Le rapporteur de la mission est Antoine Karam, sénateur de Guyane. C'est lui qui en avait annoncé la création le 13 mai dans un communiqué. Georges Patient, lui aussi sénateur de Guyane, fera également partie de la mission.
 
La mission devra émettre un avis sur l'installation d'un scanner corporel à l'aéroport Félix Éboué, une demande de longue date formulée par de nombreuses personnes en Guyane.

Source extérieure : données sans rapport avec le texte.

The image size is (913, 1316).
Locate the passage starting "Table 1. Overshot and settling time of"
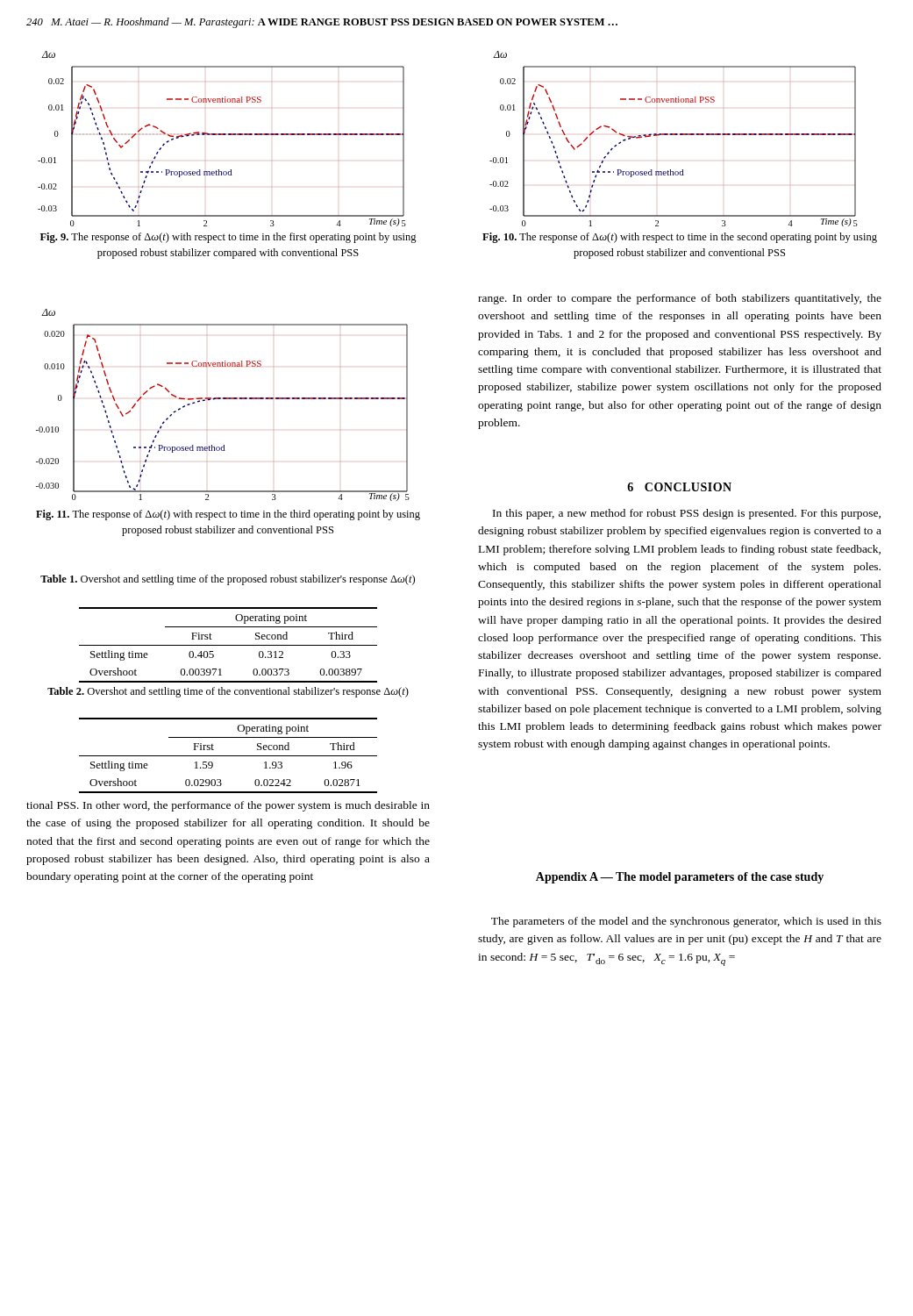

Le 19 mai, la mission s'est réunie une première fois pour constituer son bureau, présidé par Olivier Cigolotti, sénateur de Haute-Loire. Six vice-présidents ont été désignés, dont le sénateur de Saint-Martin :
  • Mathieu Darnaud (Ardèche)
  • Chantal Deseyne (Eure-et-Loir)
  • Michel Dagbert (Pas-de-Calais)
  • Guillaume Arnell (Saint-Martin)
  • Fabien Gay (Seine-Saint-Denis)
  • Joël Guerriau (Loire-Atlantique)

Réinsérer les "mules"

En tout, 23 sénateurs constitueront la mission. Tous devront réfléchir au "fléau" et au "drame" que représente le trafic pour la Guyane, ainsi que la "dimension sociale et humaine" derrière le phénomène des mules, avec la question de leur réinsertion dans la société. 
Il faudra également prendre en compte "la dimension internationale et le contexte régional dans lesquels s’inscrit ce trafic", ainsi que "les enjeux de coopération internationale qui en découlent."

Ces dernières semaines, une seule arrestation a eu lieu, a indiqué le procureur de la République de Guyane, Samuel Filniez. Mais la reprise du trafic aérien, stoppé pendant le confinement, et l'aggravation des difficultés sociales pour certains citoyens, risquent de relancer les tentatives de transports de drogue.